J’ai toujours aimé les couleurs crues de l’aurore. Mon amant les trouvait cruelles, à mon image….Il aimait mettre en relief la somme de mes défauts afin, disait-il de minimiser l’amour qu’il me portait: il ne représentait à ses yeux que faiblesse. C’était un homme, un vrai, de ceux qui aiment garder le contrôle sur leurs sentiments, qui se laissent rarement aller, qui courent après le temps, après la vie. En somme, qui n’ont rien compris. Si l’amour est une perte de temps, je crois bien avoir passé ma vie à la perdre. Cela me fait sourire aujourd’hui mais qu’est-ce qu’il m’a fait pleurer aussi…
Chez mes parents, les rôles étaient inversés : c’était mon père, le « faible », celui qui aime sans détour, et ma mère, la « forte » qui jette sur cet amour un regard sombre et condescendant. Je me souviens de ses gestes dédaigneux envers son amoureux transis. Des gestes pour le repousser, tandis qu’elle était occupée. Ma mère faisait en sorte d’être toujours affairée lorsqu’il était là. Alors il se tournait vers nous, nous prenait tous les cinq dans les bras et déversait sur nous tout ce surplus d’amour dont elle ne voulait pas.
Nous avions visité ce château parce que je l’avais vu en photo dans mon livre d’histoire. Nous courrions dans les couloirs et escaliers, nous moquions des têtes couronnées trop laides, et ignorions notre mère qui jetait alentour un regard d’excuse gêné. Notre jeu consistait à choisir chacun notre chambre, comme si nous visitions notre future demeure. Je n’avais pas hésité et choisi d’emblée la chambre de la recluse.
Elle ne ressemblait pas aux autres pièces. On n’y trouvait ni tapisserie rare, ni dorures, ni tableaux. Tout était noir dans cette chambre : les rideaux, les murs, le lit… Les rares visiteurs qui y pénétraient gardaient le silence tant elle semblait encore habitée. Ce qui m’avait plu tout particulièrement, c’était la tapisserie : noire, bien entendu, mais constellée de fines plumes blanches. Je m’étais agenouillée sur le prie-Dieu face à la fenêtre qui donnait sur le fleuve. Ma mère m’en avait extirpée d’une tape sur les fesses, et mon père m’avait envoyé un petit clin d’œil amusé…

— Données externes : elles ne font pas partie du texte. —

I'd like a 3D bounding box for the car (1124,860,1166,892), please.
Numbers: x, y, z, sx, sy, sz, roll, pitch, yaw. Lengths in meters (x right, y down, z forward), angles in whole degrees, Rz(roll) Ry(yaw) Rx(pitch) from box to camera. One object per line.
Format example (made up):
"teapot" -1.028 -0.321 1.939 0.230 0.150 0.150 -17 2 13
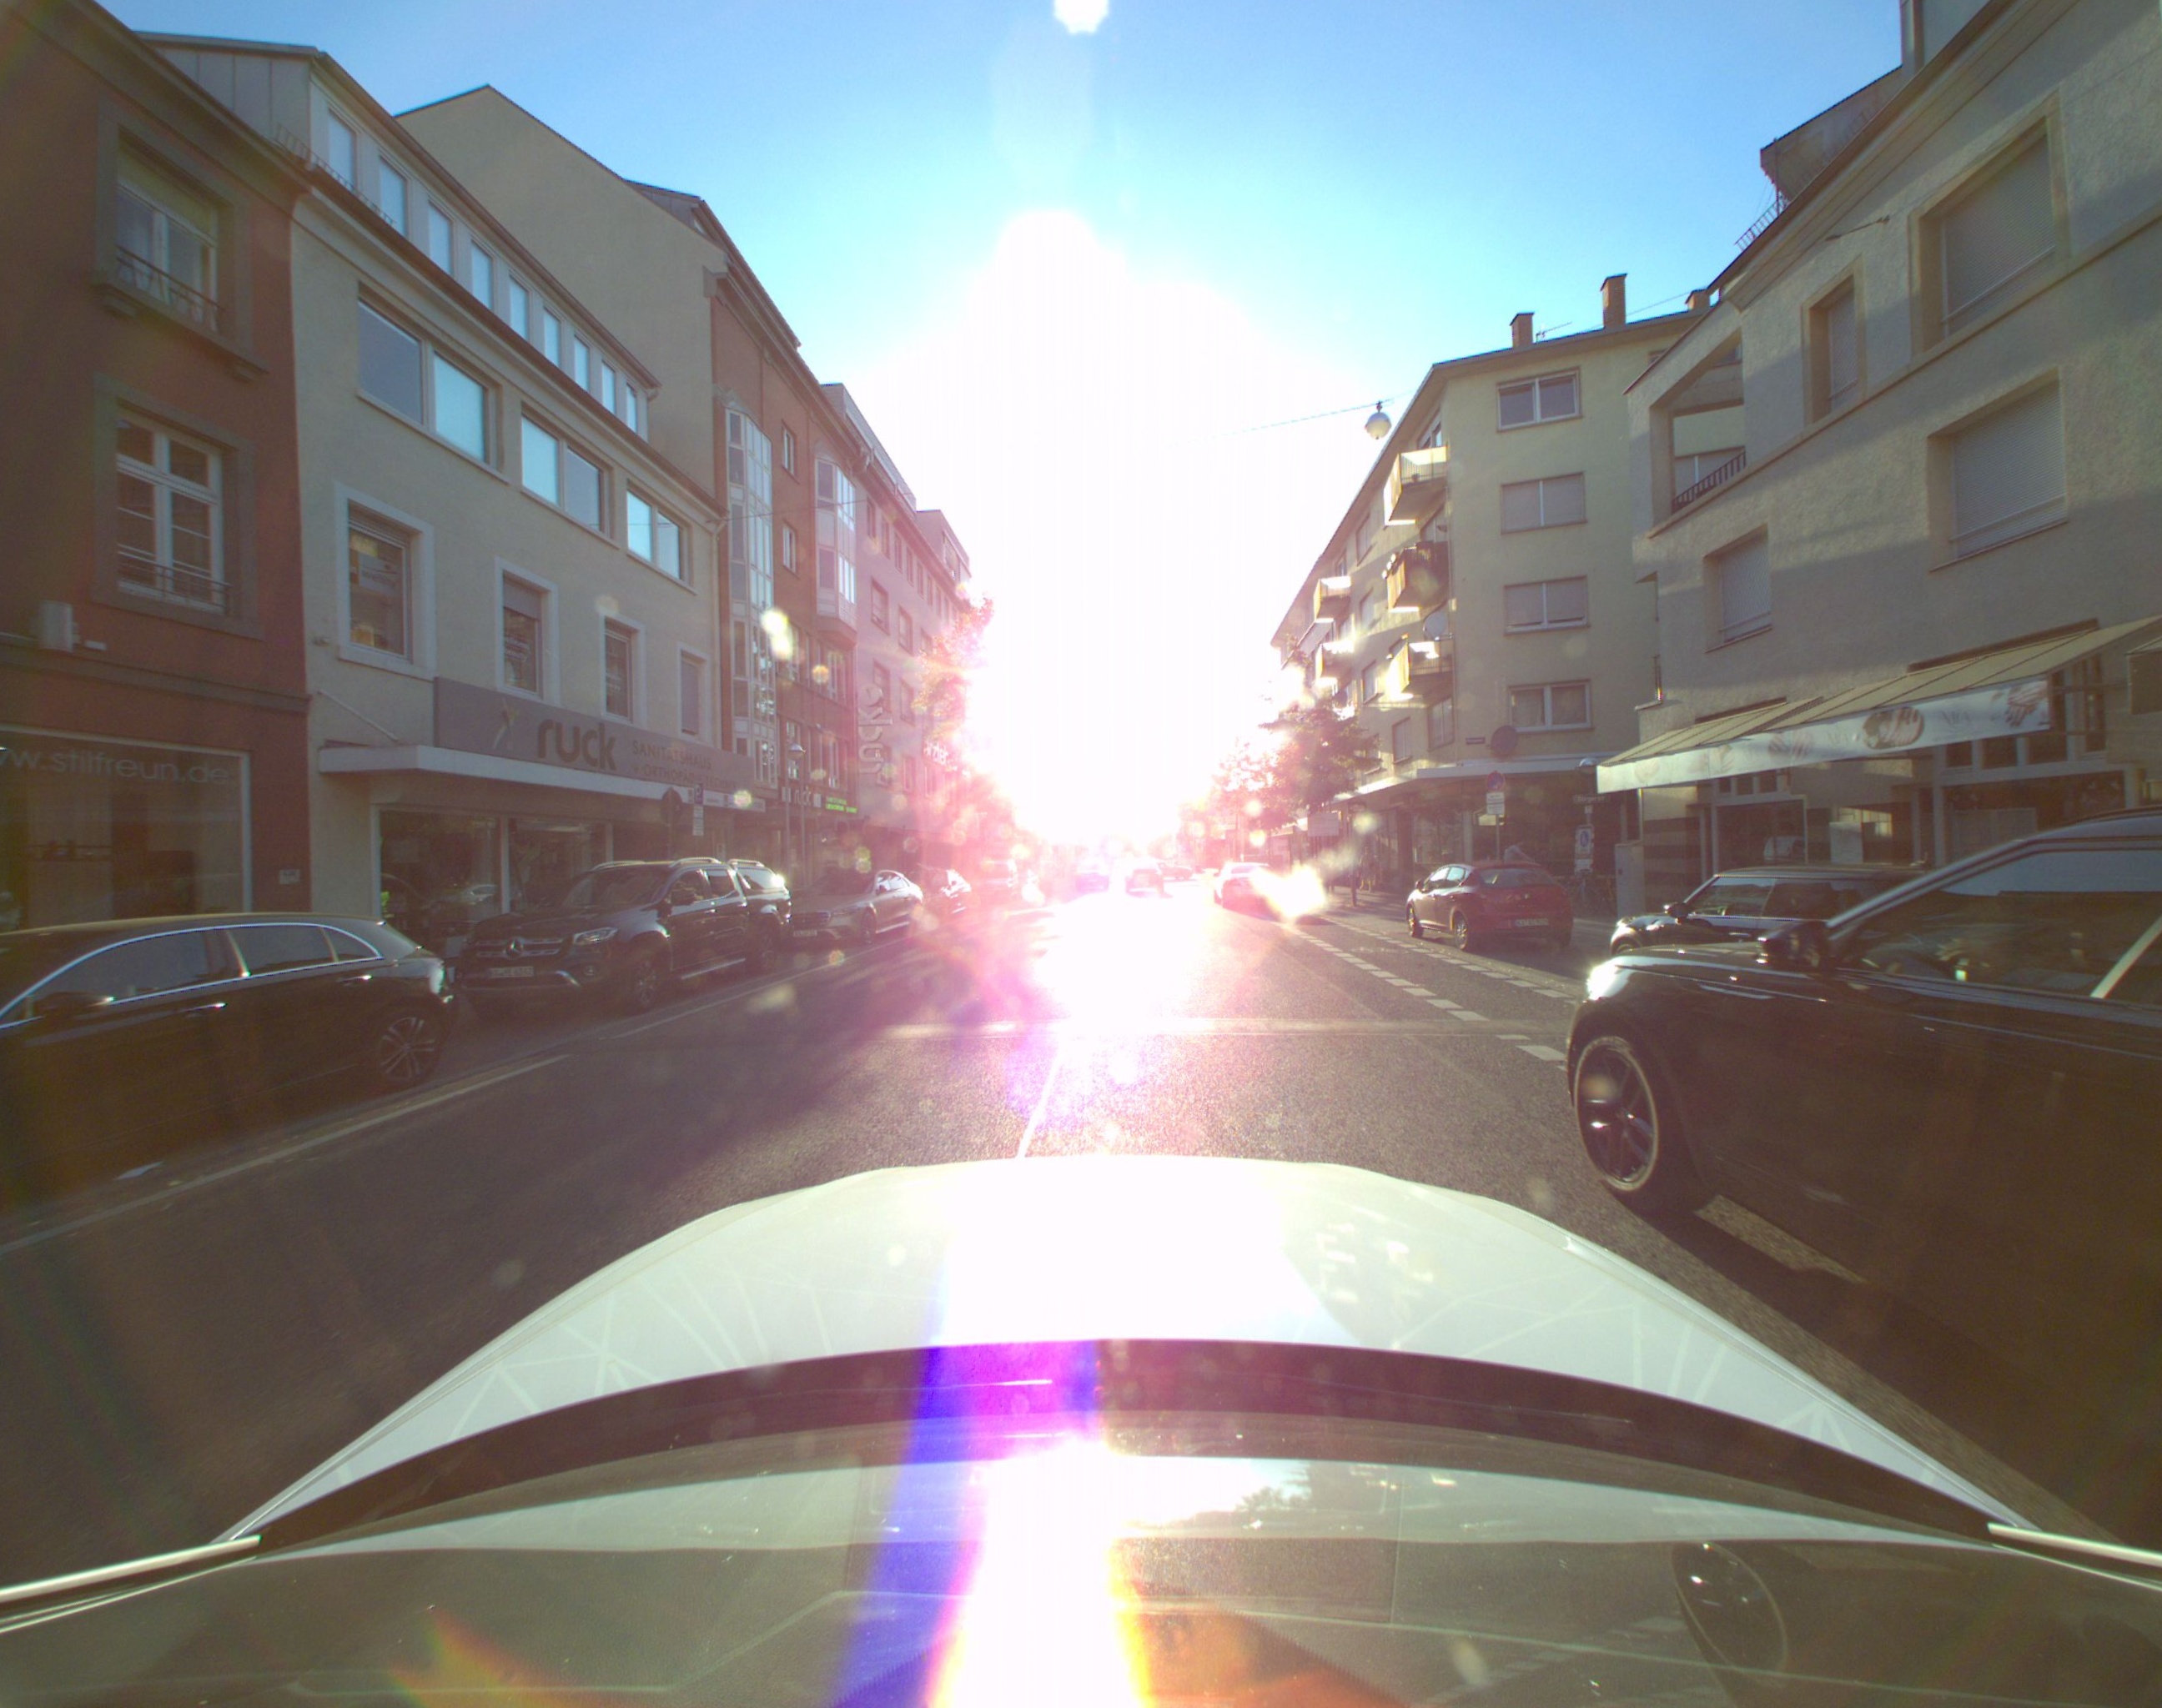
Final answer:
"car" 3.095 1.011 39.160 1.874 1.415 4.331 -1 0 5

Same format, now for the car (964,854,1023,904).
"car" -3.506 0.982 33.287 1.826 1.854 4.125 -1 -1 1

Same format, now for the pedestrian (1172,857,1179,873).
"pedestrian" 9.589 1.140 82.640 0.575 1.644 0.525 -2 0 -17

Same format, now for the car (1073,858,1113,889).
"car" 0.723 1.069 46.436 1.913 1.602 4.331 -1 0 5

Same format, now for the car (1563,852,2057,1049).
"car" 6.559 0.740 7.986 1.626 1.424 3.762 -2 0 4

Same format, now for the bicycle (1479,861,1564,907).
"bicycle" 11.592 0.797 21.488 1.908 1.155 0.656 -2 -1 26

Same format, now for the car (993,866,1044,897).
"car" -2.954 1.280 39.261 1.825 1.328 4.128 -2 0 4

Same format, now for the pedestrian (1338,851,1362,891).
"pedestrian" 10.554 0.666 31.993 0.684 1.559 0.864 -2 -1 5

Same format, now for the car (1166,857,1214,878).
"car" 8.476 1.033 63.439 3.352 1.427 1.561 -2 1 -17

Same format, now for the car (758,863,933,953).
"car" -4.907 1.049 17.886 1.818 1.556 5.144 -4 0 6

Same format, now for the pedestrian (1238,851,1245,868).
"pedestrian" 16.010 0.520 81.048 0.496 1.715 0.460 -2 0 -15

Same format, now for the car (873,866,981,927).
"car" -4.331 1.147 23.675 1.818 1.439 4.559 -4 -1 5

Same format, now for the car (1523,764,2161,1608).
"car" 3.154 0.656 1.976 1.985 1.655 4.680 0 0 5

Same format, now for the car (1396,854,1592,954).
"car" 7.043 0.776 14.376 1.695 1.436 3.937 -3 -1 5

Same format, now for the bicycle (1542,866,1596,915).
"bicycle" 11.015 0.802 18.431 0.286 1.039 1.719 -1 0 4

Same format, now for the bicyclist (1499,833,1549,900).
"bicyclist" 11.659 0.328 21.448 1.081 1.702 0.656 -2 -1 26

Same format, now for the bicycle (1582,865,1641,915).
"bicycle" 11.789 0.780 18.140 0.286 1.039 1.719 -1 0 4

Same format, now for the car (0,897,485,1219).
"car" -6.159 1.133 4.865 1.705 1.440 4.315 -3 0 5

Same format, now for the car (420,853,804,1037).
"car" -5.770 0.949 11.091 1.819 1.810 5.353 -3 0 3

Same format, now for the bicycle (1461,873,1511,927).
"bicycle" 8.486 0.939 17.112 0.291 1.039 1.719 -1 0 4

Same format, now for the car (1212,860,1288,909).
"car" 5.393 0.913 26.472 1.913 1.415 4.554 1 0 5

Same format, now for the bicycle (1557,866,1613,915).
"bicycle" 11.294 0.795 18.297 0.286 1.039 1.719 -1 0 4

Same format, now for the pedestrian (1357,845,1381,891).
"pedestrian" 11.246 0.544 31.795 0.683 1.721 0.719 -3 -1 10
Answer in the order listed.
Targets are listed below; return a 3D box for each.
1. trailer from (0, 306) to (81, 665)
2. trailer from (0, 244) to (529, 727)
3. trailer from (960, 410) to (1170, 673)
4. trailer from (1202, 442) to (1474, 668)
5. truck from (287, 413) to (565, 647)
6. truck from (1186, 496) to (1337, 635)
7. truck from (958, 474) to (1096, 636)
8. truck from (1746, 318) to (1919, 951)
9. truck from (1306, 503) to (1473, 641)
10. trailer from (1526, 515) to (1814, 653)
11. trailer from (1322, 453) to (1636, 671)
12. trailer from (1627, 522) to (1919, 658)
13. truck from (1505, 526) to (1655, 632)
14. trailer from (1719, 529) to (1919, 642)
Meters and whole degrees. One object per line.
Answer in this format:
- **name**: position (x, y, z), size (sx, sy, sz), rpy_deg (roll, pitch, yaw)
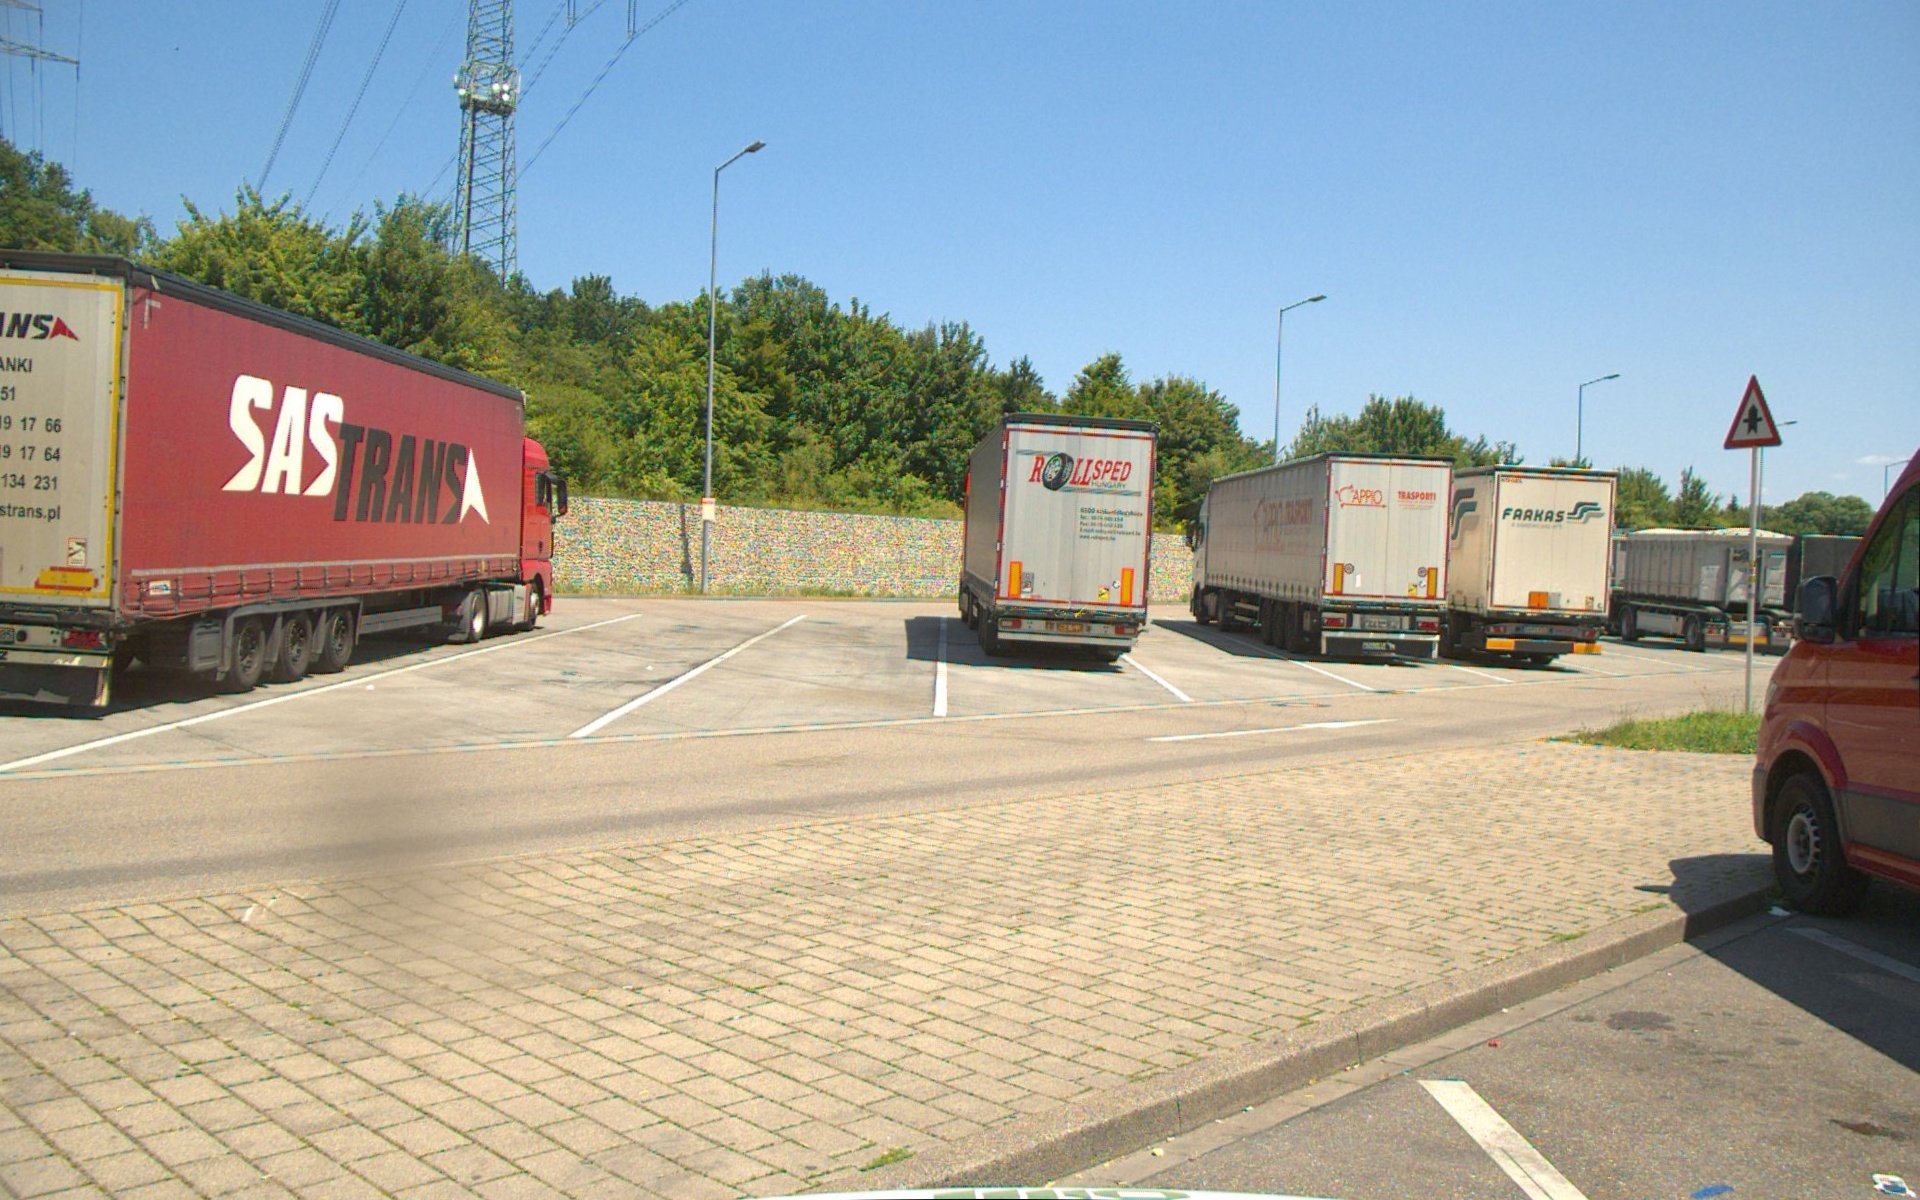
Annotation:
- **trailer**: position (-12.496, -1.255, 15.790), size (2.651, 4.173, 10.389), rpy_deg (2, 2, -1)
- **trailer**: position (-8.699, -1.267, 21.247), size (2.764, 4.141, 13.763), rpy_deg (2, 2, -1)
- **trailer**: position (1.666, -1.174, 33.146), size (2.800, 4.040, 13.761), rpy_deg (2, 2, -2)
- **trailer**: position (8.240, -1.102, 38.499), size (2.800, 4.180, 13.762), rpy_deg (2, 2, -1)
- **truck**: position (-8.808, -1.159, 28.063), size (2.755, 3.421, 5.974), rpy_deg (2, 2, -1)
- **truck**: position (8.117, -0.984, 45.261), size (2.808, 3.421, 5.974), rpy_deg (2, 2, -1)
- **truck**: position (1.465, -1.090, 39.343), size (2.808, 3.421, 5.974), rpy_deg (2, 2, -1)
- **truck**: position (4.986, 0.156, 5.515), size (1.969, 2.697, 6.457), rpy_deg (1, 0, 3)
- **truck**: position (11.648, -0.824, 45.389), size (2.808, 3.421, 5.974), rpy_deg (2, 2, -1)
- **trailer**: position (21.825, -0.684, 52.244), size (2.800, 3.662, 13.762), rpy_deg (2, 2, -1)
- **trailer**: position (11.759, -0.992, 39.564), size (2.800, 4.180, 13.762), rpy_deg (2, 2, -1)
- **trailer**: position (25.707, -0.519, 52.909), size (2.800, 3.662, 13.762), rpy_deg (2, 2, -1)
- **truck**: position (21.726, -0.798, 58.339), size (2.808, 3.421, 5.974), rpy_deg (2, 2, -1)
- **trailer**: position (34.777, -0.715, 65.444), size (2.800, 3.972, 13.762), rpy_deg (2, 2, -1)

Puis il m’avait raconté l’histoire de la pauvre Louise éplorée qui pleura son mari assassiné et se recueillit le reste de son existence dans cette demeure tenue par des religieuses. Devenue mystique, elle passa son temps à prier, lire les textes religieux et écrire de tristes poèmes qu’elle brûlait au fur et à mesure. J’imaginais cette belle et jeune amoureuse qui consacra sa vie à son mari qu’elle avait du aimer à la folie. Elle avait consacré le reste de son existence à Dieu. Vêtue de blanc, selon l’étiquette du deuil royal, elle ressemblait à la vierge, si l’on exceptait son regard qui sans nul doute avait connu l’amour. On l’y lisait toujours…
Dans ma chambre grise, je me suis essayée à la méditation, sans succès. Je ne faisais que blasphémer à force de prier mon amant disparu…J’étais désespérée de ne posséder aucune photo de lui et petit à petit son visage s’effaça de mon esprit et c’est cette absence d’image que je pleure à présent. Comment envisager l’avenir, lorsqu’on sait qu’on n’aimera plus jamais ? Alors j’ai écrit cette phrase une journée entière : « L’amour est mort, l’amour est mort, l’amour à mort, l’amour amor…. » Jusqu’à ce que le petit cahier d’écolier en soit rempli. Je l’ai posé sous mon oreiller et chaque nuit, je la psalmodie pour trouver une forme de paix juste avant le sommeil. C’est infernal, je ne m’en sortirai pas, je ne le voulais pas d’ailleurs, mais maintenant je sens que malgré moi, la vie m’étreint. Je respire à nouveau des parfums oubliés, des envies subites me réveillent en pleine nuit. Je suis possédée par la vie, je demande du plaisir et soudain comme une évidence je m’assois au beau milieu du lit. Et je ris. Je ris à perdre haleine car ça y est j’ai compris : je dois sortir d’ici.